Fink criticized the largest cryptocurrency for many years. To this day, his criticism from 2017 remains in many people’s memories. At that time, Fink described BTC as an “index of money laundering”.
Now the US American is revising his statement. His earlier assessment was wrong, he explained in the interview. He had reconsidered it and found it to be incorrect.
“I said that Bitcoin, because we were talking about Bitcoin at the time, was the domain of money launderers and thieves. But you know, the markets teach you that you have to constantly rethink your assumptions,” Fink explained.
In 2023, BlackRock made a significant change of course. At that time, the world’s largest asset manager saw the opportunity to place a Bitcoin spot ETF. The project was successful a few months later. In January 2024, the iShares Bitcoin Trust ETF came onto the market with other competing products.

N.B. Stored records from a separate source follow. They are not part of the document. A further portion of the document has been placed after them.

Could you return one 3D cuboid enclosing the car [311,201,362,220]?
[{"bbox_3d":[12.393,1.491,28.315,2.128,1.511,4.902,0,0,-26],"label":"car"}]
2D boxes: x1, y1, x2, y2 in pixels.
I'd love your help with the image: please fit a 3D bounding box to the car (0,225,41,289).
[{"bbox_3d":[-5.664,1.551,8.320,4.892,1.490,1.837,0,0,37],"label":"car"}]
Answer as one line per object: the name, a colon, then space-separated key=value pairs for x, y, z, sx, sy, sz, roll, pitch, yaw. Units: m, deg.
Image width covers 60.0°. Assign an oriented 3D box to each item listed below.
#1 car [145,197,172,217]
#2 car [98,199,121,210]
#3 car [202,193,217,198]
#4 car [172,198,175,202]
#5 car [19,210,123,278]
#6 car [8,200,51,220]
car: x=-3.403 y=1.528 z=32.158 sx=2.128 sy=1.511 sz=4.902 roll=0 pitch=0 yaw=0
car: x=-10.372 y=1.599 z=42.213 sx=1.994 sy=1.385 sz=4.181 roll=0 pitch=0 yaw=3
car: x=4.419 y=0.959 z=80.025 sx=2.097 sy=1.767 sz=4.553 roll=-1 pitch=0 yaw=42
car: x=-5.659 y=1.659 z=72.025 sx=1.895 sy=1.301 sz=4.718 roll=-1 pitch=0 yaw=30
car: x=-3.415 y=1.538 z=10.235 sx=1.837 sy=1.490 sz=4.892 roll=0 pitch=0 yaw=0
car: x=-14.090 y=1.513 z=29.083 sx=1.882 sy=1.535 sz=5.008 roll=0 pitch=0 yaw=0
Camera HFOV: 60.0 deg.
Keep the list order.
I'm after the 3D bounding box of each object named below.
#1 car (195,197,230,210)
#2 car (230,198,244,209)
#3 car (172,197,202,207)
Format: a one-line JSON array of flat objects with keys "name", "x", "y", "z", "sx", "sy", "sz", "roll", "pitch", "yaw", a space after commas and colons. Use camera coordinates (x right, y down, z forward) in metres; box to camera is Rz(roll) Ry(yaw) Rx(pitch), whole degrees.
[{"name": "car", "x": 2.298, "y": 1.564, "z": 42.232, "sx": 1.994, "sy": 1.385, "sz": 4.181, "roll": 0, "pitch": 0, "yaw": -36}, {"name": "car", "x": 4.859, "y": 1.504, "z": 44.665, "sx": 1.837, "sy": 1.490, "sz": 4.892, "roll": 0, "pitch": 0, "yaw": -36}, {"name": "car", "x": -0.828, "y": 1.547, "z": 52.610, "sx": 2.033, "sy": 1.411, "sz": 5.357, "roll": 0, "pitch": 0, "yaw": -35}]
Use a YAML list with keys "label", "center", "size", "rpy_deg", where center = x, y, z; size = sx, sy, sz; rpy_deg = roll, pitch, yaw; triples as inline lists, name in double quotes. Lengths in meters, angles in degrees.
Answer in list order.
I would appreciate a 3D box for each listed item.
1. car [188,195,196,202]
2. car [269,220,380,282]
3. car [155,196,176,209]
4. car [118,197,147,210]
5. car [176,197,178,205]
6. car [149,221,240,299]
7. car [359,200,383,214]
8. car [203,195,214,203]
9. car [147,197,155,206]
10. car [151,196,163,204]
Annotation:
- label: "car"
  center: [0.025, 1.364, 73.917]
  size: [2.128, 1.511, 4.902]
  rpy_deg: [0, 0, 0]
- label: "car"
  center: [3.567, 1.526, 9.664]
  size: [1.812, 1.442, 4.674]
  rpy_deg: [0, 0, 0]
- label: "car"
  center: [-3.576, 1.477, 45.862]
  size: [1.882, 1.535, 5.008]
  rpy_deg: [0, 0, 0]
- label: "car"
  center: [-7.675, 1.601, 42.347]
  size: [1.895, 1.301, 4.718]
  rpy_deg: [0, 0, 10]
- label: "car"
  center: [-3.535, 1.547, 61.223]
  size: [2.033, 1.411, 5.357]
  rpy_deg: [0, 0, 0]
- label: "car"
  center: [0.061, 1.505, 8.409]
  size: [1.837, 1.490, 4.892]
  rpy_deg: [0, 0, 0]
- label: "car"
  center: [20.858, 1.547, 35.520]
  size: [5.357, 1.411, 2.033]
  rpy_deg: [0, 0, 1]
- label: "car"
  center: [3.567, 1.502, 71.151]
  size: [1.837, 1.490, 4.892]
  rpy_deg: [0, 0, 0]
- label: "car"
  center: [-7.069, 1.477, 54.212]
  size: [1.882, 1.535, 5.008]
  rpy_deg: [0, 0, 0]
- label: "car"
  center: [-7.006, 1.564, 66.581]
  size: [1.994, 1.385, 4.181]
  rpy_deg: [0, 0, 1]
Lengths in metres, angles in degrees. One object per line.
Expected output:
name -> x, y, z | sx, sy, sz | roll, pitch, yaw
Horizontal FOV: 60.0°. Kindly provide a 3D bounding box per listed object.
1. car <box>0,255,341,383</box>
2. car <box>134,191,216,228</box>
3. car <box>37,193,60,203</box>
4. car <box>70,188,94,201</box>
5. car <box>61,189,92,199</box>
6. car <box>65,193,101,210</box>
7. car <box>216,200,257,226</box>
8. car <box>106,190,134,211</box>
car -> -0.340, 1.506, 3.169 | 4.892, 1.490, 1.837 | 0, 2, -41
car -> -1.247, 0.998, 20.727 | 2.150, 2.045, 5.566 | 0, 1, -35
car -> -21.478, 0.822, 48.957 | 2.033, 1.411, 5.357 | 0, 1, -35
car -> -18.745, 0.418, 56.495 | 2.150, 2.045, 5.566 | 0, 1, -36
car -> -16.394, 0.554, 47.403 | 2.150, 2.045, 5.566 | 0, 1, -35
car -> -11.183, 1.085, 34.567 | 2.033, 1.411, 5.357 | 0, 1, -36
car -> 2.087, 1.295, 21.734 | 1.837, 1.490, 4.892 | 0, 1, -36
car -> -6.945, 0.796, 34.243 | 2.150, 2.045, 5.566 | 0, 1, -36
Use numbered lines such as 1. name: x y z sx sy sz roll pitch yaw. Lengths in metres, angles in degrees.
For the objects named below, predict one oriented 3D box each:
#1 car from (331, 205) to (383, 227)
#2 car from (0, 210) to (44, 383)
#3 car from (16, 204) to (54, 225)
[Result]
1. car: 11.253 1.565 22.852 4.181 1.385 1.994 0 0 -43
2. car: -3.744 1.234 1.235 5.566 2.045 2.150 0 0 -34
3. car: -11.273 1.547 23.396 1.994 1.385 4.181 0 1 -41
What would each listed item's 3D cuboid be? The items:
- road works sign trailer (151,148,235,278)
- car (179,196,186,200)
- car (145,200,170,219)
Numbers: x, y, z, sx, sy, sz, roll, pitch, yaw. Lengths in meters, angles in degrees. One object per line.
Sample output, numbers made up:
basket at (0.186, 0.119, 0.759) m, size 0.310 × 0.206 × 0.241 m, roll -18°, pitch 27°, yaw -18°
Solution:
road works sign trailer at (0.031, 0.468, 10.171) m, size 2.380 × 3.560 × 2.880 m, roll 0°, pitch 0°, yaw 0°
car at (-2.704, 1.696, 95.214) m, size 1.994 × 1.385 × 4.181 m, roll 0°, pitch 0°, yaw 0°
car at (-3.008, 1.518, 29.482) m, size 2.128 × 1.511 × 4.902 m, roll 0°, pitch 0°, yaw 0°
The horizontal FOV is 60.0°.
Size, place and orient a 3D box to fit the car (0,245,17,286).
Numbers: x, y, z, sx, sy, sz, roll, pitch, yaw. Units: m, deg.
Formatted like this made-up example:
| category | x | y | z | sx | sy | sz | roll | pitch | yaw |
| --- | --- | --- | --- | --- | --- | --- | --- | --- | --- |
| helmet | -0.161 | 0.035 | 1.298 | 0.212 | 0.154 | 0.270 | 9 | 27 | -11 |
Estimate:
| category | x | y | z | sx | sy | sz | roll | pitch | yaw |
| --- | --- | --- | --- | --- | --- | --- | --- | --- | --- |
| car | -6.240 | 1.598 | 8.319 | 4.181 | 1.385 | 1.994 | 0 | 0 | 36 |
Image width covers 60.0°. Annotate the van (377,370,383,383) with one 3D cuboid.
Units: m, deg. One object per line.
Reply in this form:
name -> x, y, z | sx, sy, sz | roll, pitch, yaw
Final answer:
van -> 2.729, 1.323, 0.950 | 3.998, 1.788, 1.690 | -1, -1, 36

As Managing Director of BlackRock, Fink is responsible for the asset manager’s approach. With the Bitcoin ETF, BlackRock triggered a significant trend in the market, which has continued to grow ever since. Institutional investors invested more money in crypto than ever before.
BlackRock CEO Convinced: BTC is Digital Gold
BlackRock’s Bitcoin ETF IBIT now manages around 93 billion US dollars. Parallel to the huge success of the investment product, Larry Fink apparently also adapted his opinion on Bitcoin. In the meantime, the 72-year-old is convinced of the digital investment. It is a valuable tool for diversification.
“A diversified portfolio is essential. We are not claiming that there is a one-size-fits-all solution. We are simply pointing out the possibility of using private market investments.”
Crypto is a useful part of diversification. However, Bitcoin and Co. should not take up a large part of the portfolio, Fink believes. He doesn’t seem to be a fan of aggressive investment strategies in the style of Michael Saylor.
Cryptocurrencies play a similar role to gold, namely that of an alternative. For those who want to diversify their portfolio, they are not a bad investment, but I don’t think they should make up a large part of your portfolio.”
However, Fink warns against careless spending. Investors should make sure that they acquire cryptos with an intrinsic value. Instead, they should stay away from manipulable money-making schemes like memecoins.
Fink is not alone in his assessment. Bitcoin has long been spread as “digital gold”. Because of its scarcity and its growing importance as an investment, BTC has been compared to precious metal for years.